À la suite du scandaleux enlèvement du président vénézuélien par un commando états-unien, Donald Trump et son secrétaire d’État Marco Rubio ont perdu toute retenue dans la mise en œuvre de leur projet impérial d’hégémonie absolue, non seulement sur l’ « hémisphère occidental », mais sur le reste de la planète : cela s’observe désormais de la Péninsule coréenne à l’Europe de l’Est en passant par la Mer de Chine, Gaza, le Caucase et l’Iran. Et voilà maintenant que la rapace administration états-unienne vient encore d’aggraver le blocus inhumain que les USA infligent à Cuba depuis 1961: en effet, violant à la fois le droit international et la liberté de naviguer dans les eaux internationales, Trump et Rubio empêchent désormais la République de Cuba de s’approvisionner en carburant privant l’île rebelle de courant électrique, bloquant ses moyens de transport, asphyxiant son économie et entravant sciemment le fonctionnement de ses hôpitaux et de ses circuits alimentaires.

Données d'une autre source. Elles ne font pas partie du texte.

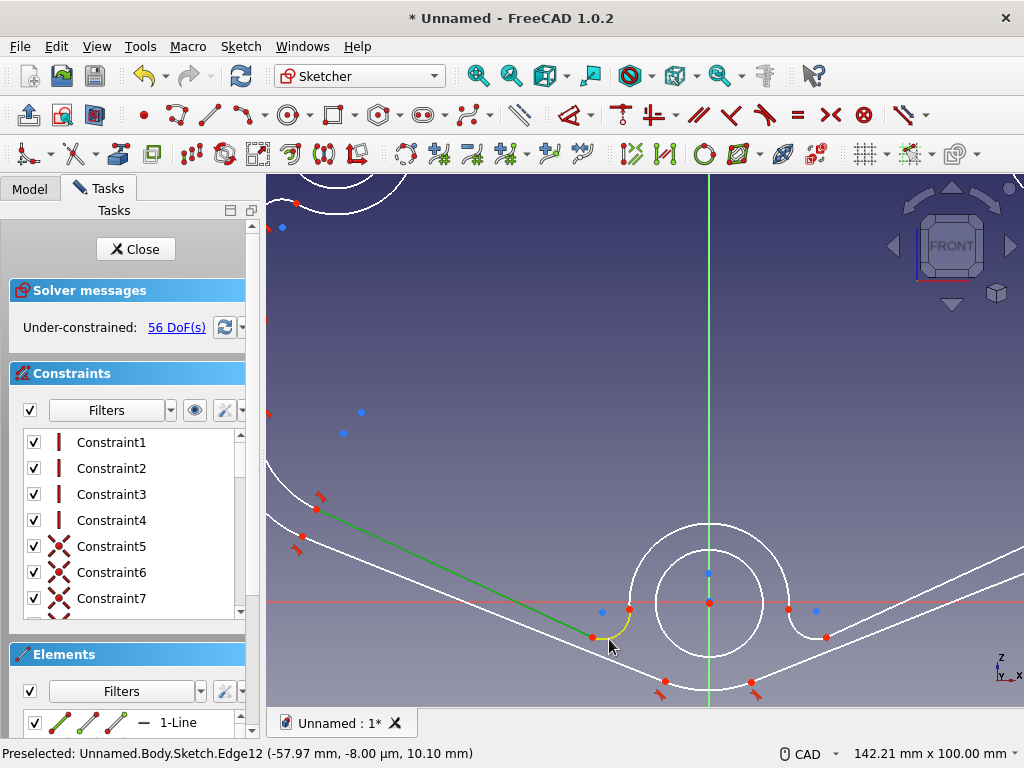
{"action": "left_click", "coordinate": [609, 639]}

Il s’agit clairement pour Trump de susciter un « changement de régime » à La Havane en provoquant cyniquement, manigances de la C.I.A. et infiltrations terroristes en provenance de Miami à l’appui, l’une de ces « révolutions colorées » qui précèdent et préparent le plus souvent les intrusions, voire les invasions nord-américaines…
Ainsi la stratégie de Trump consiste-t-elle, non seulement à imposer aux Cubains un « regime change » (sic) téléguidé depuis Miami, mais à annexer Cuba de facto comme l’avoue crûment Trump quand il déclare vouloir imposer aux Cubains la suprême humiliation d’avoir pour prochain « président » le secrétaire d’État Rubio lui-même ! Ainsi s’accomplirait le projet impérial états-unien qu’avait déjà dénoncé au XIXe siècle l’ « Apôtre de l’indépendance cubaine », le poète combattant José Marti : à savoir le projet d’annexer toute la Mer des Caraïbes afin de pouvoir dominer sans partage, en y imposant au besoin ses pantins sanglants à la Pinochet, l’ensemble de l’Amérique latine ouvertement réduite à l’état d’ « arrière-cour » des USA.
Or, face à cela, que fait l’Élysée censé représenter cette République française dont Cuba a choisi de reprendre sur son propre drapeau les couleurs emblématiques de notre Révolution ? En opposition frontale à la politique de non-alignement qui fut celle du Général de Gaulle, – une politique alors très largement soutenue en France (y compris par le PCF de Waldeck Rochet…) -, la France officielle se tait, uniquement préoccupée qu’elle est, en écho à ses institutions tutélaires de l’UE et de l’OTAN, d’alimenter l’escalade militaire en Ukraine; laquelle escalade, soutenue mezzo voce par Washington (qui fournit à Kiev les armes lourdes financées par le contribuable européen) peut à tout moment dégénérer en une guerre continentale ou mondiale potentiellement exterminatrice. Ce silence complice abaisse notre pays sur la scène mondiale, il en fait le complice par omission des prédations états-uniennes alors même que Trump et son ambassadeur à Paris ne cessent d’humilier la France, de se moquer de Macron lui-même (sans réactions de l’intéressé…), voire de s’ingérer grossièrement dans le débat politique français.